— Мама? — Лейтенант торопливо захлопнул книгу. — Это трактат по медицине… Захотелось посмотреть.
— Тебе стало хуже? — бросилась к сыну герцогиня. — Ты такой бледный…
— Ничего подобного! — запротестовал Руперт. — Я собрался написать бабушке, а она любит точность. Я решил посмотреть, как называется то, что со мной было.
— Позови мэтра Лукиана, — подсказала мама, — он продиктует, а эту книгу лучше отдать. Ее сочинил недобрый человек. Назвать жалость врагом?! Это… безбожно.
— Это иносказание, — вступился за фолиант Руппи. — Врач должен лечить, даже если это причиняет боль. Не прикажи адмирал цур зее проделать во мне еще одну дырку, меня бы уже не было.
— Не говори так, — попросила герцогиня. — Пожалуйста, никогда такого не говори.

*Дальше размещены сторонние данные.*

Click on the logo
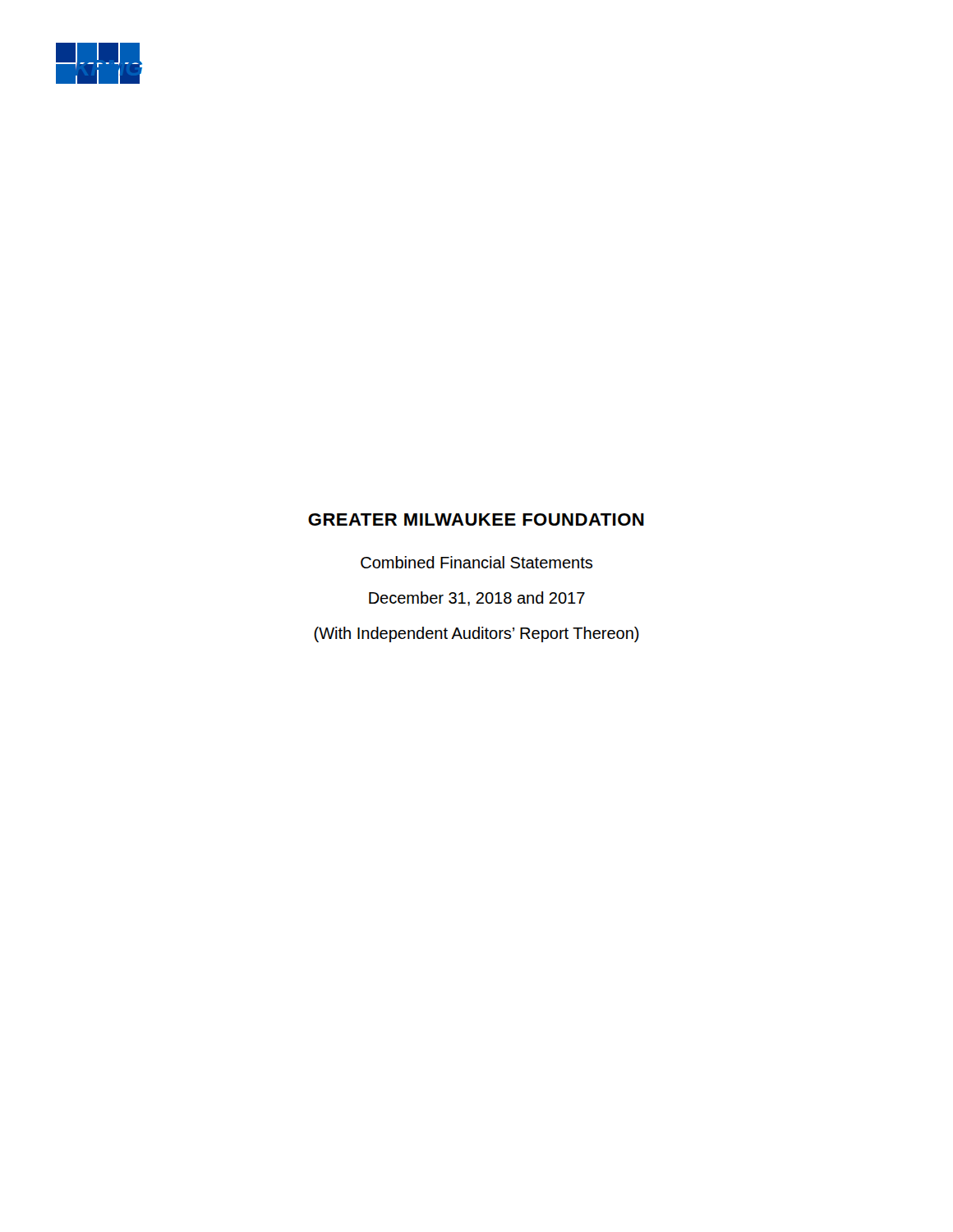Image resolution: width=953 pixels, height=1232 pixels. coord(101,68)
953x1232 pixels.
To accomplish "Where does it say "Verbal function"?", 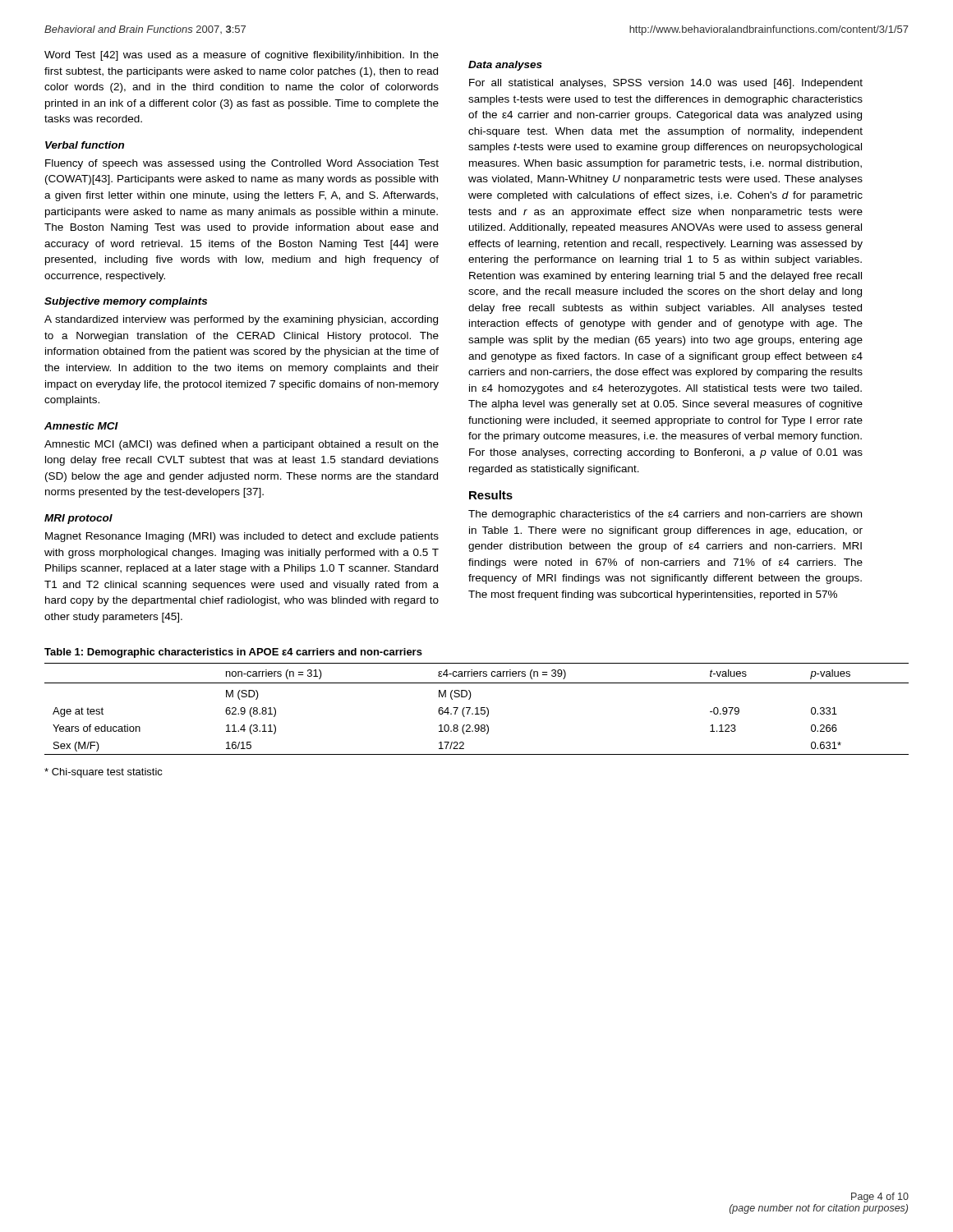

— Не буду. — Руппи виновато прижал к губам прохладную руку и замолчал. Он слишком долго не был дома и отвык от матери, от того, что она вечно ждет худшего. «Рожденная в орлином гнезде горлинка»… Так называли единственную дочь Элизы Штарквинд. Нежную, кроткую, невероятно красивую. В детстве Руперт любил повторять за отцом, что нет волшебницы прекрасней Лотты; став взрослым, он в этом убедился. По крайней мере, никого красивее матери он не видел ни в Дриксен, ни в Талиге.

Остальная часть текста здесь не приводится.